Check out the publication in Nature Communications here.

image analysis of live-cell imaging (2022-2023)

I worked under Dr. Kwonmoo Lee at Boston Children’s Hospital as a Research Assistant for two years after undergrad. My work included using various Convolutional Neural Networks (CNNs) for cell segmentation, utilizing cell tracking algorithms, honing my image manipulation skills (Fiji), working on my research writing aptitude, and much more! It was an incredible experience that has led me to where I am now :) Below are two papers I had the privilege of working on:

The Lee Lab developed a deep learning-based pipeline termed MARS-Net . While I did not contribute to it’s development, I helped the first author write the protocol for running it here.
I helped in optimizing the hyper parameters for the R-CNN in FNA-Net, a deep-learning based ensemble model aimed to screen the adequacy of unstained thyroid fine needle aspirations (FNA).
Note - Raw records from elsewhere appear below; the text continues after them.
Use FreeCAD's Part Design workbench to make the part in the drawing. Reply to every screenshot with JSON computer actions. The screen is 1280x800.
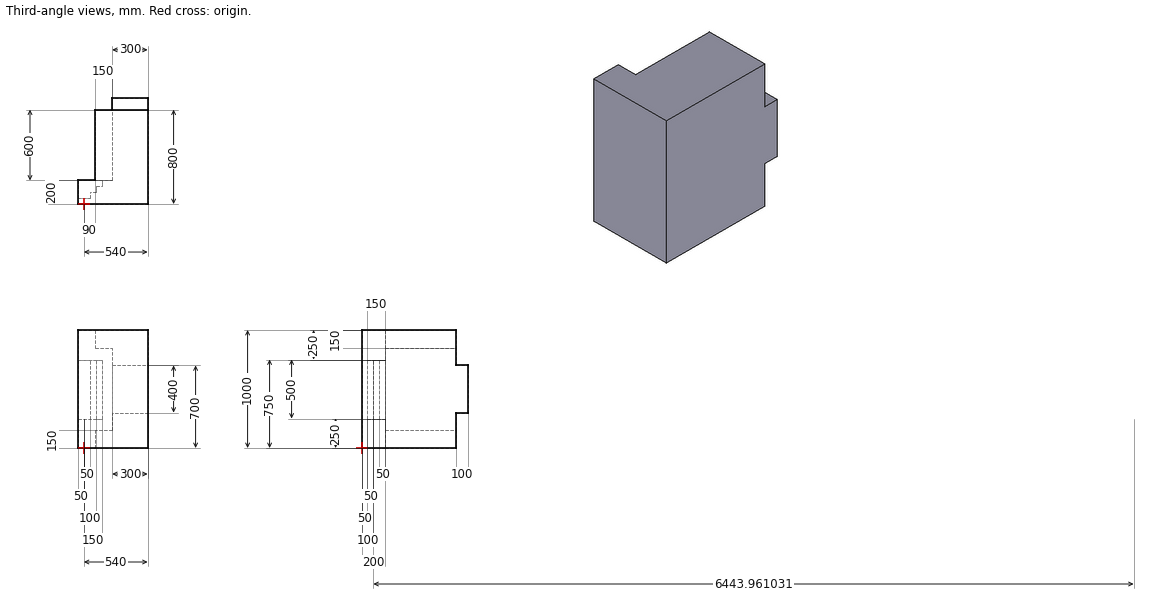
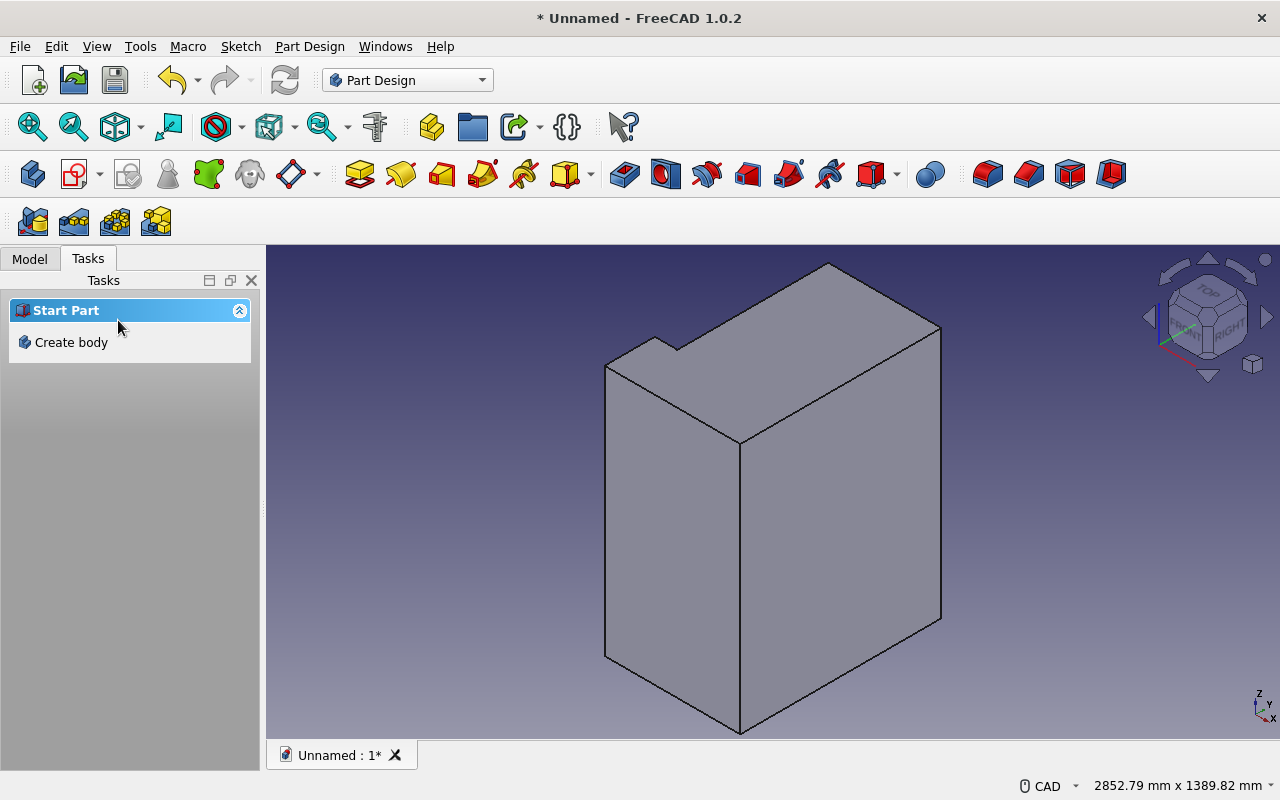
{"action": "key", "text": "4"}
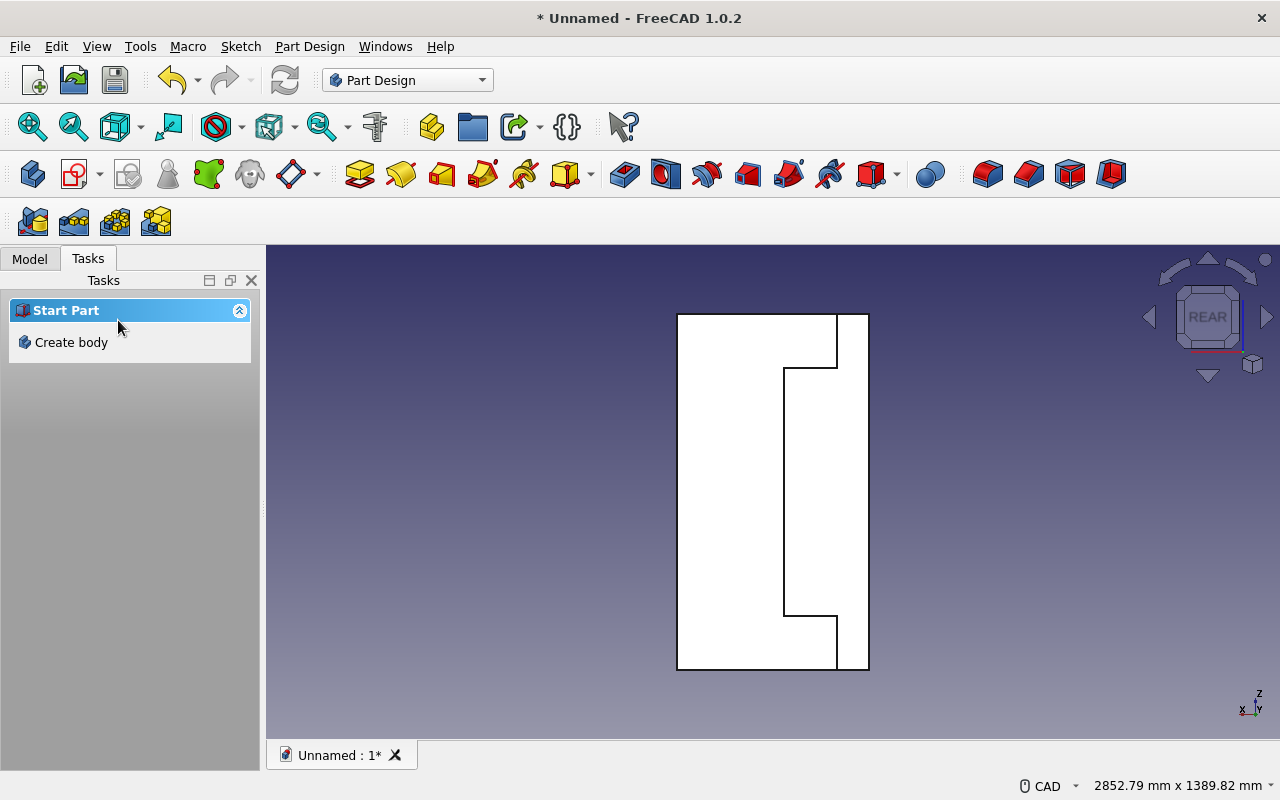
{"action": "left_click", "coordinate": [734, 389]}
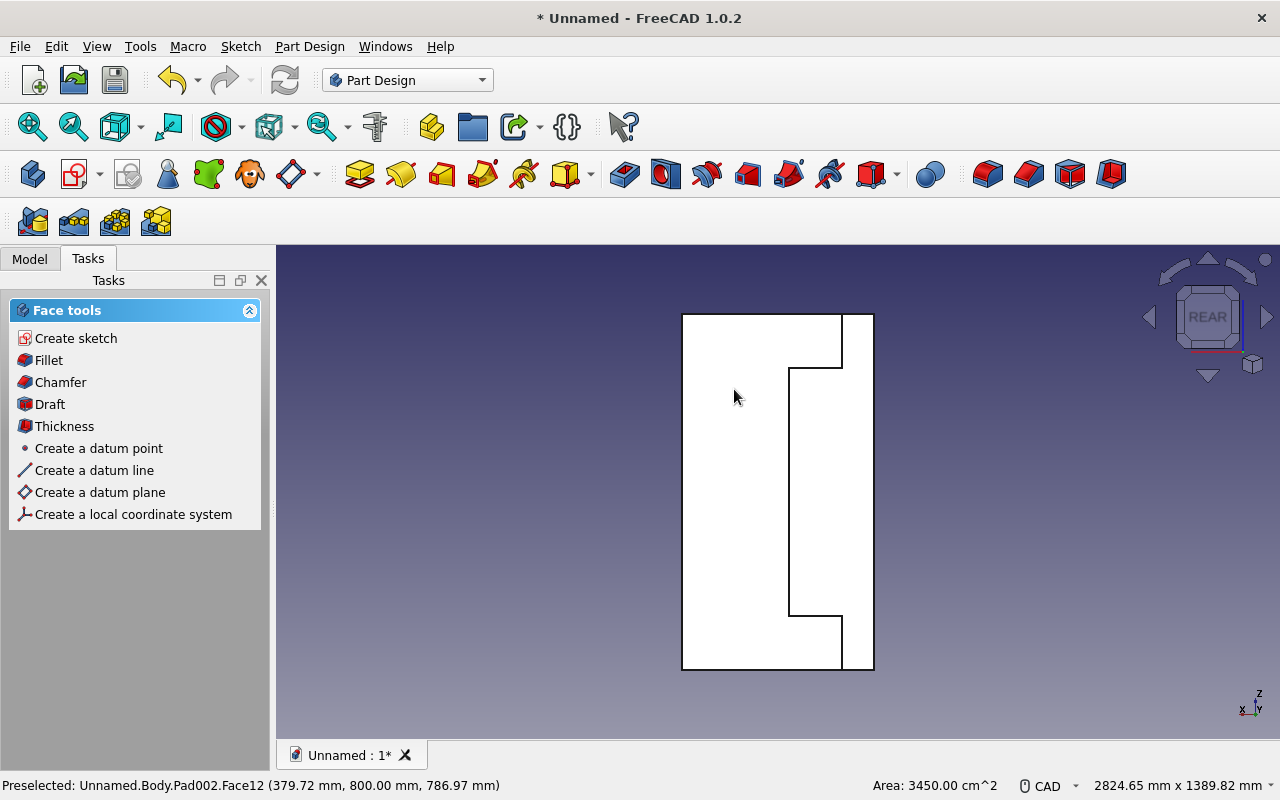
{"action": "left_click", "coordinate": [74, 174]}

Ideally, this will streamline the diagnostic process by eliminating the need for staining and expert interpretation.
My biggest project was a subtype discovery method termed PHet. The abstract and preprint are above!
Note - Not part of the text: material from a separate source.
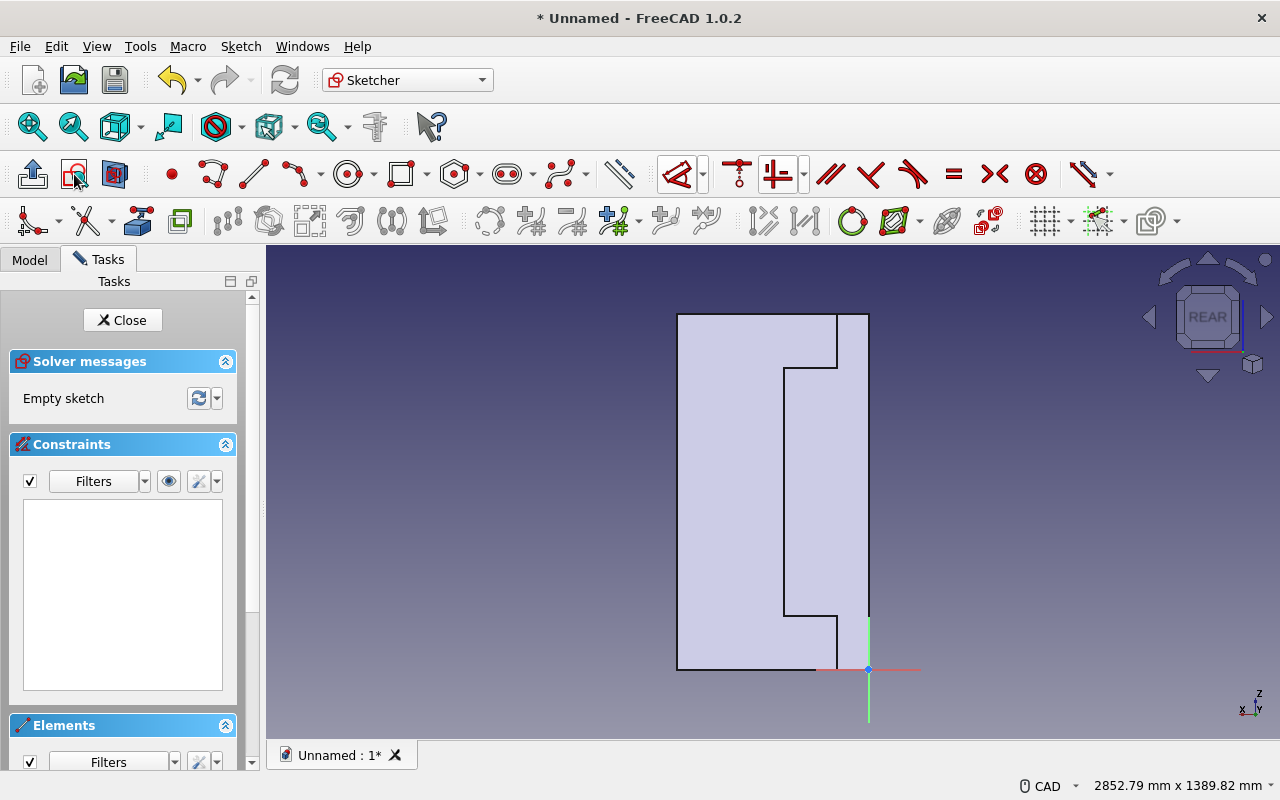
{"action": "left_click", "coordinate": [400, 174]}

undergraduate research at the University of Virginia (2018-2021)

I started my research journey by collaborating with two incredible mentors, Dr. Tianxi Li and Dr. Frederic Padilla. Under Dr. Li’s guidance, I honed my coding skills in Python and R by converting his randnet package from R to Python. Later, I teamed up with Dr. Padilla to explore the effects of focused ultrasound on mouse tumors, which involved applying machine learning algorithms and statistical tests to understand its impact. In my final project my fourth year, I focused on classifying brain tumor regions in contrast-enhanced ultrasound images using microbubble intensity. I presented my final work via zoom (bc covid) where I expressed how well various unsupervised and supervised methods faired in this task. Though I didn’t publish any papers or achieve significant outcomes, this experience was incredibly valuable and marked the beginning of my research journey. I am immensely grateful to both mentors for the opportunity they gave me, as I don’t think I would be where I am now without them!